A One Day International (ODI) is an international cricket match between two teams, each having ODI status, as determined by the International Cricket Council. The women's variant of the game is similar to the men's version, with minor modifications to umpiring and pitch requirements. The first women's ODI was played in 1973, between England and Australia. Due to the sporting boycott placed upon their country, South Africa women did not contest their first ODI until August 1997, playing Ireland in Belfast.
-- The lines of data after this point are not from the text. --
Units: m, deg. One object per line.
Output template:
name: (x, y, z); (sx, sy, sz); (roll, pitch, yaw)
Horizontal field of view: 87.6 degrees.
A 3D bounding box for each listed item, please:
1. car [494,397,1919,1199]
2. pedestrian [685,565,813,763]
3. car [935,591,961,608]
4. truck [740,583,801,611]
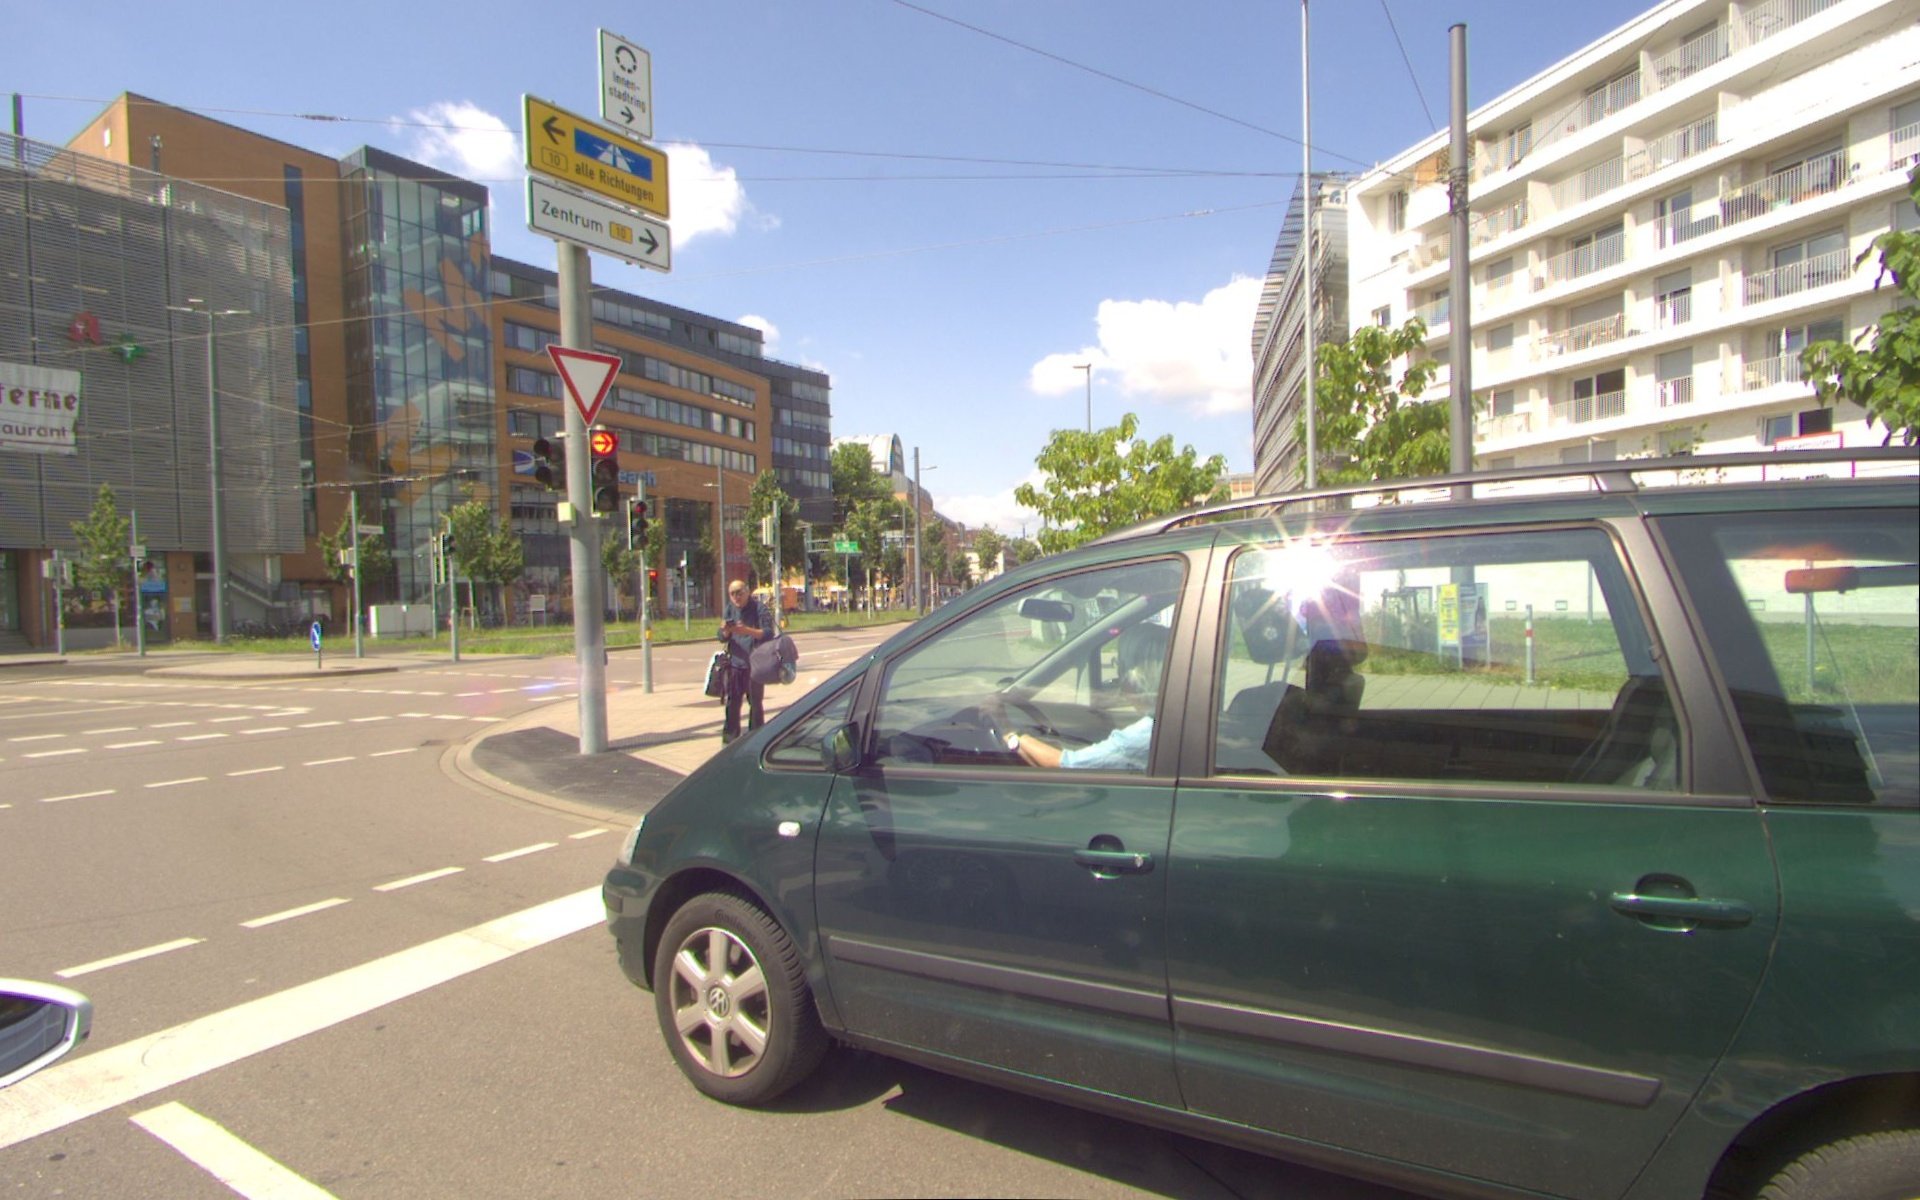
car: (0.953, 0.601, 2.956); (4.959, 1.779, 1.815); (-1, -1, 32)
pedestrian: (-1.922, 0.563, 9.234); (0.901, 1.725, 0.808); (-2, 2, 5)
car: (-1.468, -0.117, 123.841); (1.964, 2.040, 3.992); (-1, 0, 18)
truck: (-14.629, -0.181, 77.695); (1.966, 2.113, 5.510); (0, -1, 22)

In total, South Africa women's team has played 227 ODIs. Mignon du Preez is the most capped player, having appeared in 154 ODIs and the leading run-scorer with 3,760 runs. Johmari Logtenberg's score of 153 not out against the Netherlands in 2007 is the highest score in women's ODI cricket by a South African Shabnim Ismail has claimed more ODI wickets than any other South African woman, having taken 191 and has the best return by a South African bowler, having claimed six wickets (6/10) in an innings in a Women's World Cup qualifying match against the Netherlands.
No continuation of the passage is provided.